Koozali.org: home of the SME Server

Smartd under SME Server 10

Offline wdepot

  • ***
  • 89
  • +0/-0
    • http://westerndepot.com
Smartd under SME Server 10
« on: September 09, 2023, 09:06:05 PM »
When I have config setprop smartd status enabled set isn't the server supposed to email the admin when a hard drive begins to fail? We just recently had our main server running SME 10.1 die. When I tried the hard drives in another computer the BIOS on that machine immediately showed that the SMART status for both drives was failed. I never got any emails from the server telling me that the hard drives were going bad. If I had we would have obtained new drives and replaced the old ones before they failed entirely. Do I also need to make sure SMART is enabled in BIOS for the SME smartd to do its job? I'm thinking that I will enable hardware RAID 1 when the replacement hard drives arrive.

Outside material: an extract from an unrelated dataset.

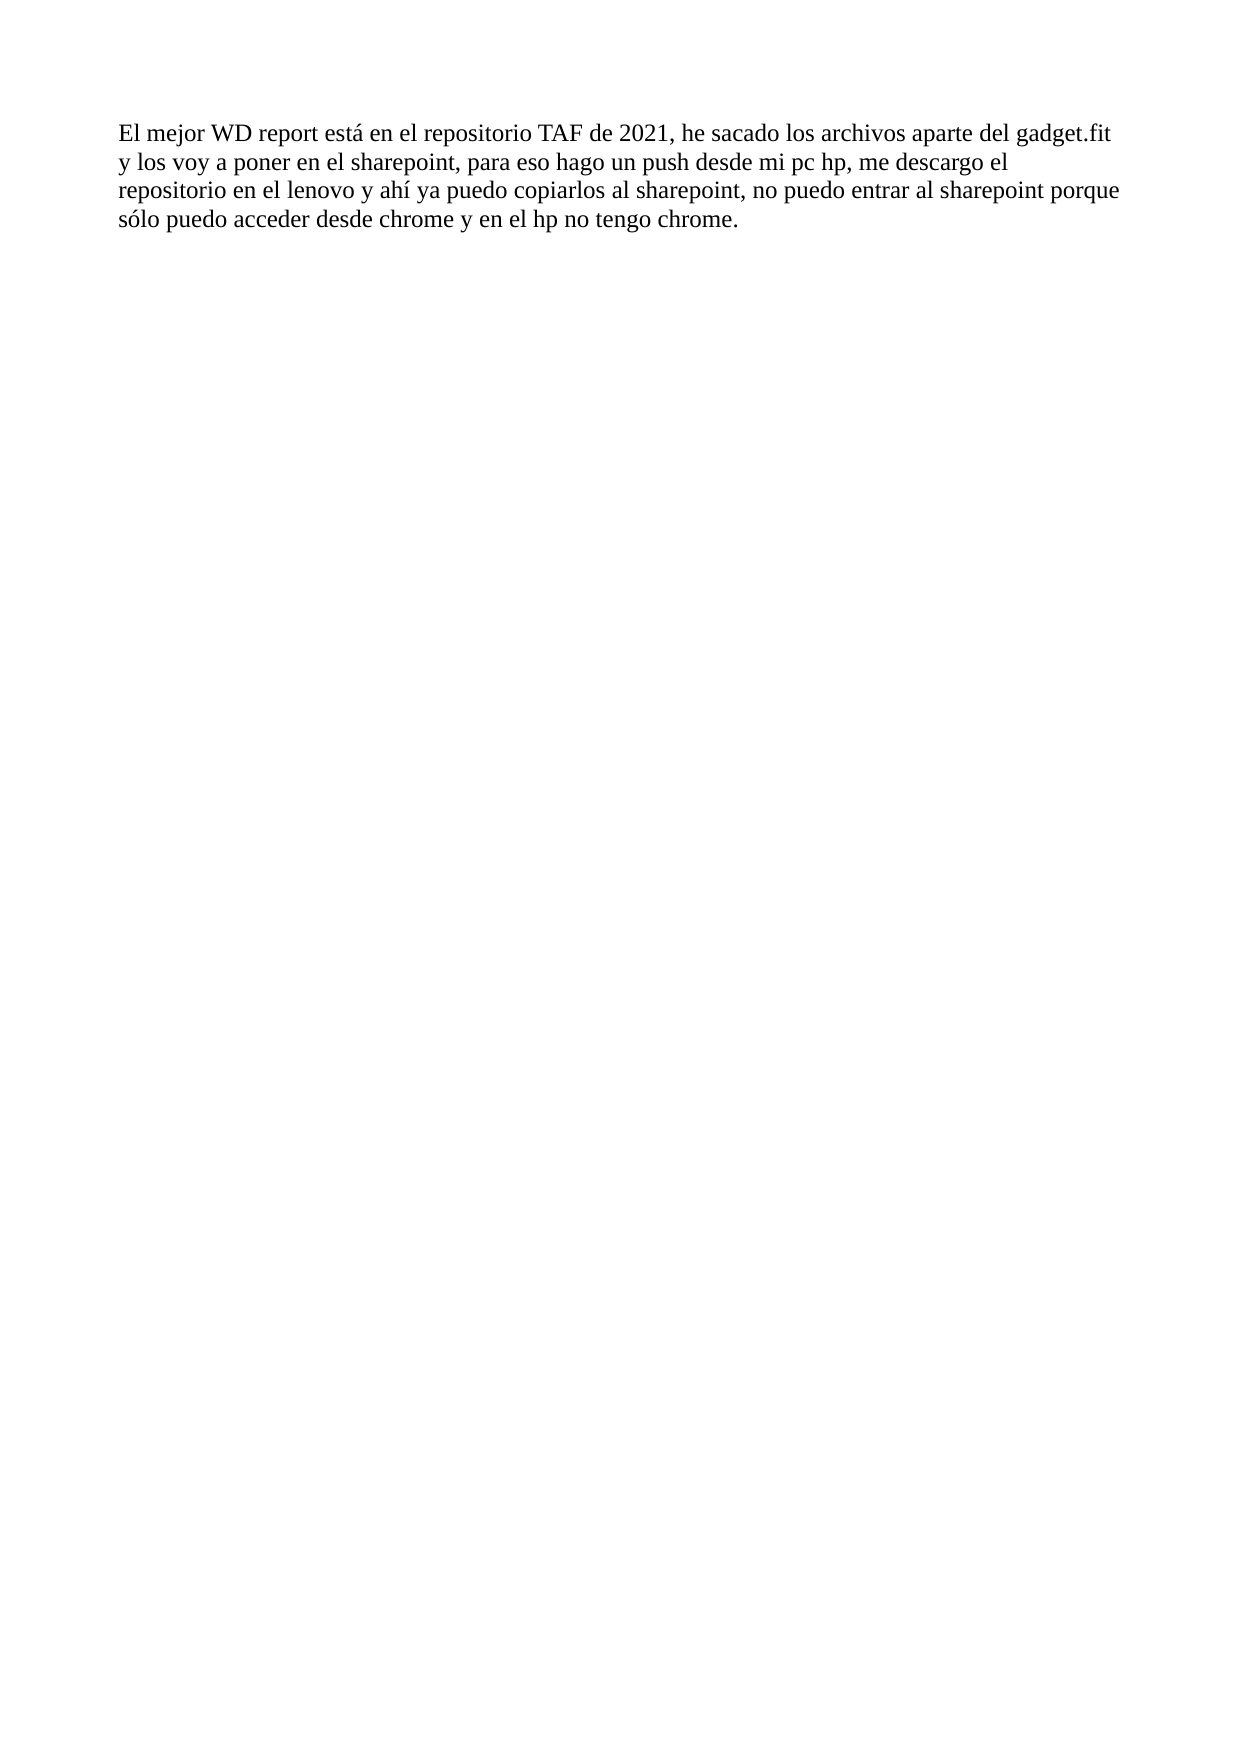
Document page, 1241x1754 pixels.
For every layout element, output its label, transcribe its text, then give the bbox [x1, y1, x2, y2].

text El mejor WD report está en el repositorio TAF de 2021, he sacado los archivos aparte del gadget.fit y los voy a poner en el sharepoint, para eso hago un push desde mi pc hp, me descargo el repositorio en el lenovo y ahí ya puedo copiarlos al sharepoint, no puedo entrar al sharepoint porque sólo puedo acceder desde chrome y en el hp no tengo chrome. [118, 118, 1122, 233]
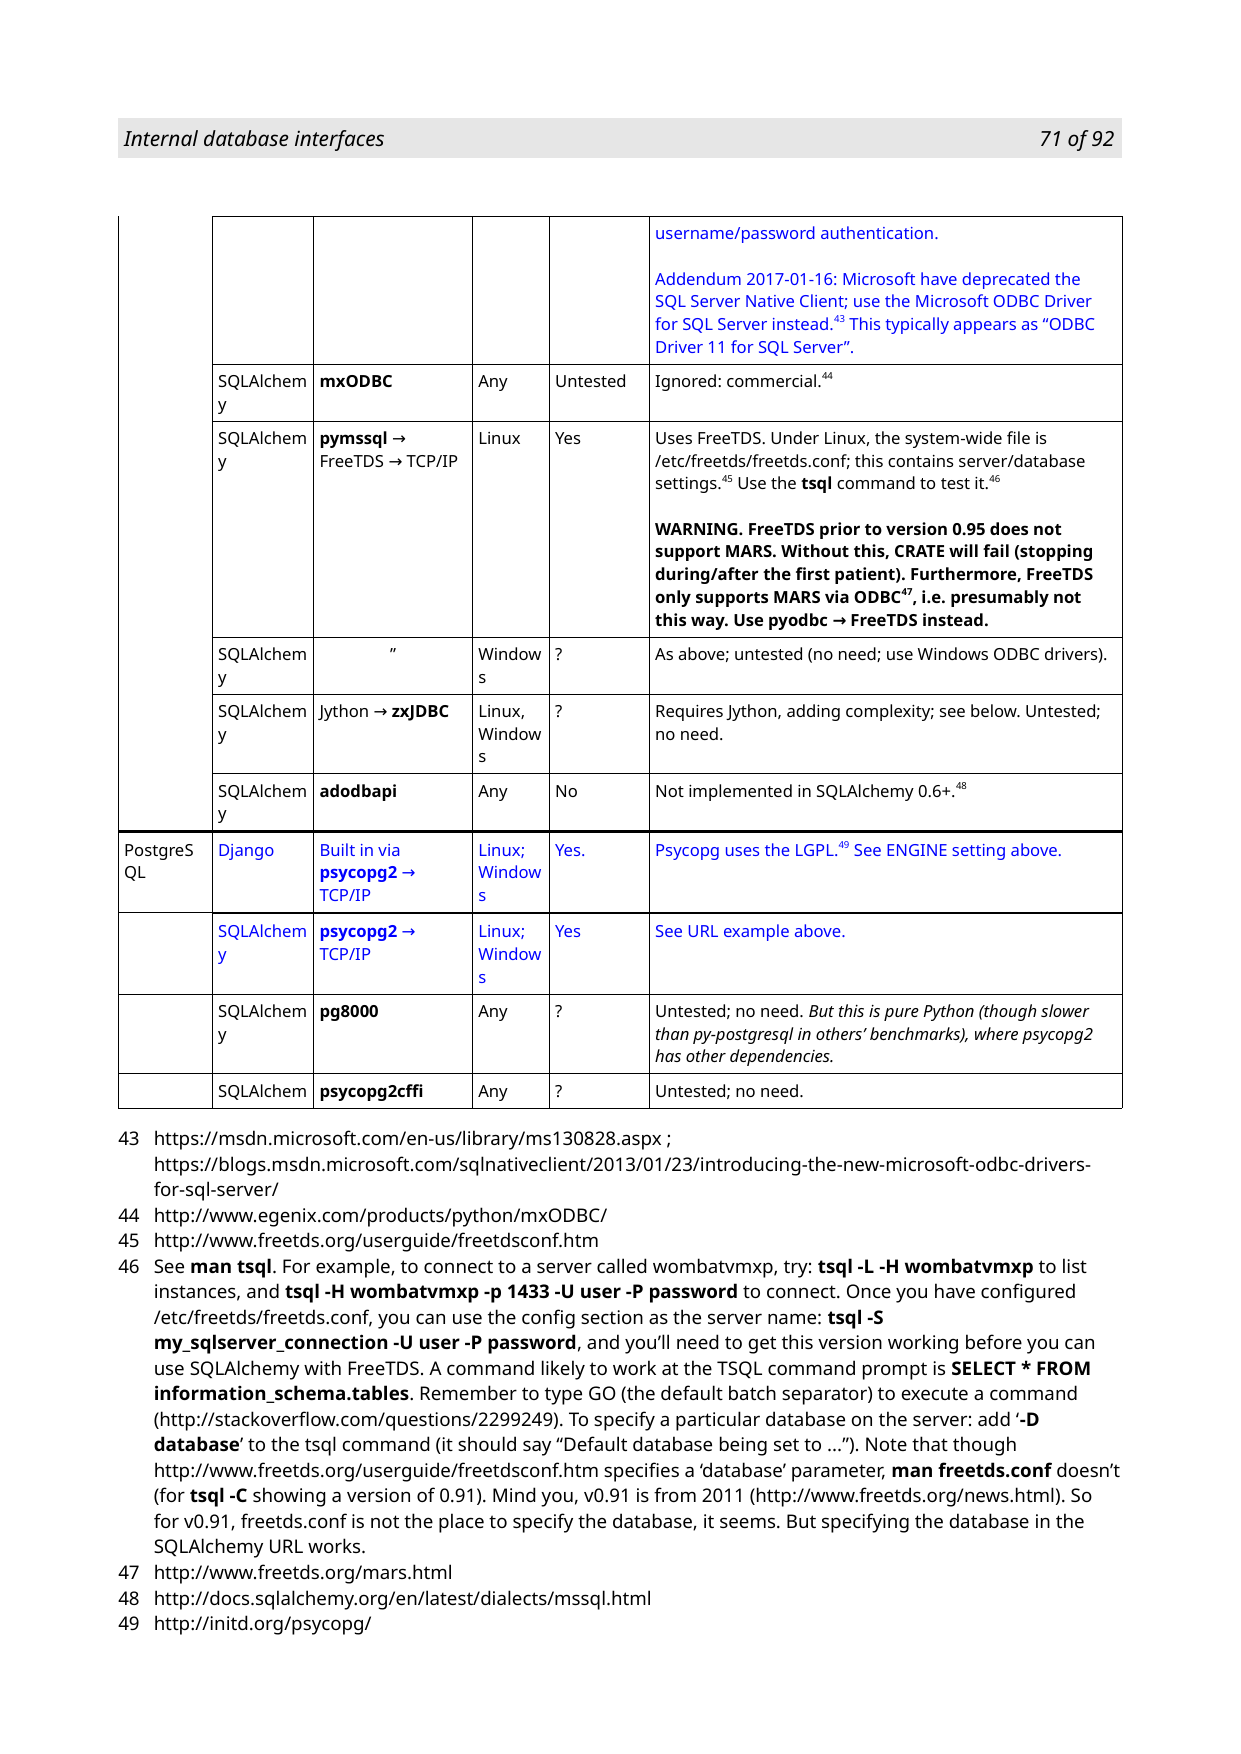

Offline Jean-Philippe Pialasse

  • *
  • 2,802
  • +11/-0
  • aka Unnilennium
    • http://smeserver.pialasse.com
Re: Smartd under SME Server 10
« Reply #1 on: September 10, 2023, 06:44:01 AM »
you should get such messages, but you need to follow them, here an example

Code: [Select]
SMART error (CurrentPendingSector) detected on host: x

This message was generated by the smartd daemon running on:
   host name:  x
   DNS domain: xxxxx.com

The following warning/error was logged by the smartd daemon:

Device: /dev/sda [SAT], 1 Currently unreadable (pending) sectors

Device info:
CT1000MX500SSD1, S/N:xxxxxxxxxx, WWN:5-00a075-1e626ce91, FW:M3CR043, 1.00 TB

For details see host's SYSLOG.

You can also use the smartctl utility for further investigation.
Another message will be sent in 24 hours if the problem persists.

Offline Jean-Philippe Pialasse

  • *
  • 2,802
  • +11/-0
  • aka Unnilennium
    • http://smeserver.pialasse.com
Re: Smartd under SME Server 10
« Reply #2 on: September 10, 2023, 06:47:11 AM »
further more with soft raid you should recieve such alert also

Quote
Fail event on /dev/md127:x
This is an automatically generated mail message from mdadm
running on x

A Fail event had been detected on md device /dev/md127.

It could be related to component device /dev/sdd1.

Faithfully yours, etc.

P.S. The /proc/mdstat file currently contains the following:

Personalities : [raid1]
md0 : active raid1 sde1[3] sda1[0]
      255936 blocks super 1.0 [2/2] [UU]
     
md1 : active raid1 sde2[2] sda2[0]
      976373760 blocks super 1.1 [2/2] [UU]
      bitmap: 6/8 pages [24KB], 65536KB chunk

md127 : active raid1 sdd1[0](F) sdc1[2]
      3906887424 blocks super 1.2 [2/1] [_U]
      bitmap: 4/30 pages [16KB], 65536KB chunk

Offline wdepot

  • ***
  • 89
  • +0/-0
    • http://westerndepot.com
Re: Smartd under SME Server 10
« Reply #3 on: September 12, 2023, 11:41:23 PM »
you should get such messages, but you need to follow them, here an example

That's what I thought, though I'm not sure what you mean by following them. All admin emails are forwarded to our primary email address so I get them all, mainly messages from fail2ban and the daily backup report. I never did get any messages that the hard drives were having problems Though I have in the past prior to SMEServer 10.